◆ **What to produce**:
The answer must be an exact transcription of the lines below from the first through the one containing "Q6. If I drill", with the pictures left out; please add nothing else.

[Records from a collection]

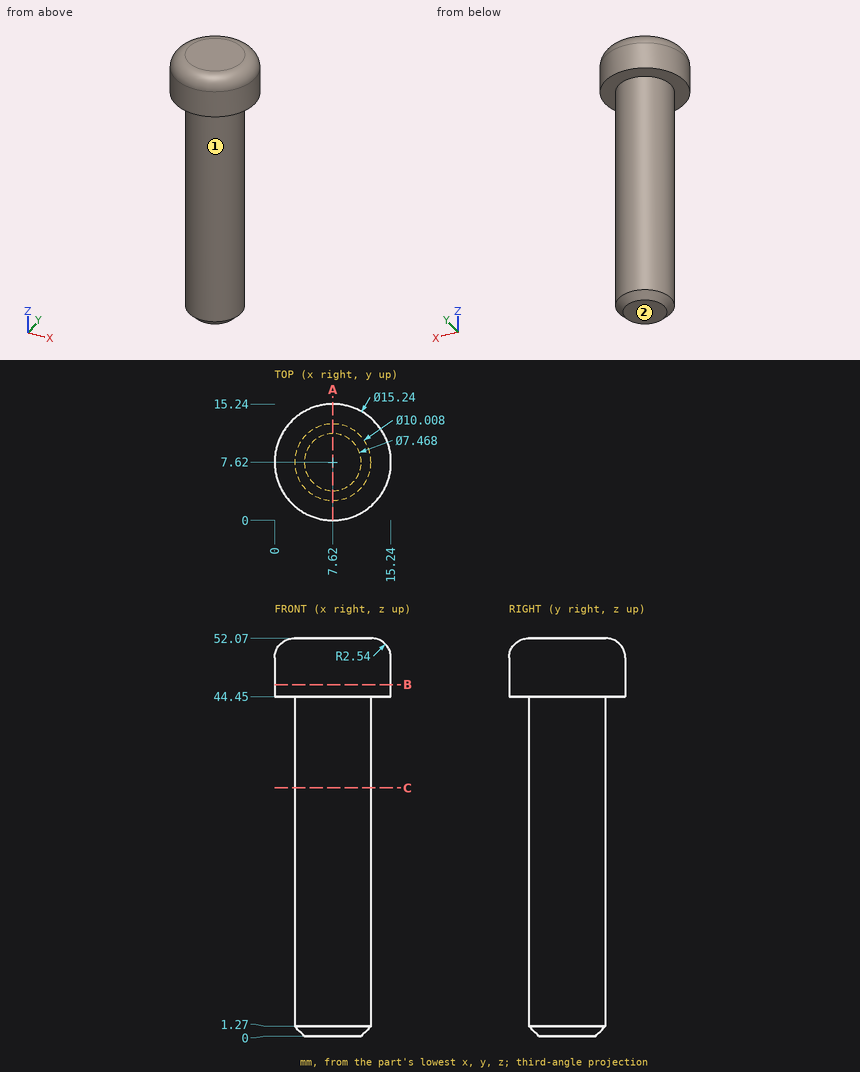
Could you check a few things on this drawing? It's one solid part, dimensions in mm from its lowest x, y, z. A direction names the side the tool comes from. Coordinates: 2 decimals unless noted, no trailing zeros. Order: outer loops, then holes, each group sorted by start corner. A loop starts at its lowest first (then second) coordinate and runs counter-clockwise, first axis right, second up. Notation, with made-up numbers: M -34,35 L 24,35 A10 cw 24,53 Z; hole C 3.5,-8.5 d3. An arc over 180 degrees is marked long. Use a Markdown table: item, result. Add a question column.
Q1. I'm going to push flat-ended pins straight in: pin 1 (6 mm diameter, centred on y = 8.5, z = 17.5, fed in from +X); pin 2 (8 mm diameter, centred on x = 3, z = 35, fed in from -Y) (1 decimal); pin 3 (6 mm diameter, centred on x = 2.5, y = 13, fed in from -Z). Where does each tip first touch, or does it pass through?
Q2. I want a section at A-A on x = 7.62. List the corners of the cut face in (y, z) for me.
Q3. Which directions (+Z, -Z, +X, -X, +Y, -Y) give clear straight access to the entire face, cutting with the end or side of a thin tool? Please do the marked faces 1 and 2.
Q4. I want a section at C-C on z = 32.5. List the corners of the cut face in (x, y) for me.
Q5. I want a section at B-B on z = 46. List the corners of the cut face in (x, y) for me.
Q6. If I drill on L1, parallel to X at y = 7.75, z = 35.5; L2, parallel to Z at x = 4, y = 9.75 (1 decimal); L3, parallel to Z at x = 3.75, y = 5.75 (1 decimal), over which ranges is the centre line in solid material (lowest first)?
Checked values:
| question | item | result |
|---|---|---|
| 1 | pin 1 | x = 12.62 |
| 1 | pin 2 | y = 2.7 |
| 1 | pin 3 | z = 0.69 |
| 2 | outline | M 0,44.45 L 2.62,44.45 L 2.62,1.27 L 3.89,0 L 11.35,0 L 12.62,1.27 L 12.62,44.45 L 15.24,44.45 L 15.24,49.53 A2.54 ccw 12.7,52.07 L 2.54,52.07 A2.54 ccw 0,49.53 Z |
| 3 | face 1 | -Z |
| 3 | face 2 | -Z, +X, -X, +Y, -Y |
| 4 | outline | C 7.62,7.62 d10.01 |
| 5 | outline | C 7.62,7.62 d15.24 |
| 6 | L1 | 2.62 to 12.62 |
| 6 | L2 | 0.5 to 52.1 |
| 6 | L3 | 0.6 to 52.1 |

◆ **Task answer**:
Could you check a few things on this drawing? It's one solid part, dimensions in mm from its lowest x, y, z. A direction names the side the tool comes from. Coordinates: 2 decimals unless noted, no trailing zeros. Order: outer loops, then holes, each group sorted by start corner. A loop starts at its lowest first (then second) coordinate and runs counter-clockwise, first axis right, second up. Notation, with made-up numbers: M -34,35 L 24,35 A10 cw 24,53 Z; hole C 3.5,-8.5 d3. An arc over 180 degrees is marked long. Use a Markdown table: item, result. Add a question column.
Q1. I'm going to push flat-ended pins straight in: pin 1 (6 mm diameter, centred on y = 8.5, z = 17.5, fed in from +X); pin 2 (8 mm diameter, centred on x = 3, z = 35, fed in from -Y) (1 decimal); pin 3 (6 mm diameter, centred on x = 2.5, y = 13, fed in from -Z). Where does each tip first touch, or does it pass through?
Q2. I want a section at A-A on x = 7.62. List the corners of the cut face in (y, z) for me.
Q3. Which directions (+Z, -Z, +X, -X, +Y, -Y) give clear straight access to the entire face, cutting with the end or side of a thin tool? Please do the marked faces 1 and 2.
Q4. I want a section at C-C on z = 32.5. List the corners of the cut face in (x, y) for me.
Q5. I want a section at B-B on z = 46. List the corners of the cut face in (x, y) for me.
Q6. If I drill on L1, parallel to X at y = 7.75, z = 35.5; L2, parallel to Z at x = 4, y = 9.75 (1 decimal); L3, parallel to Z at x = 3.75, y = 5.75 (1 decimal), over which ranges is the centre line in solid material (lowest first)?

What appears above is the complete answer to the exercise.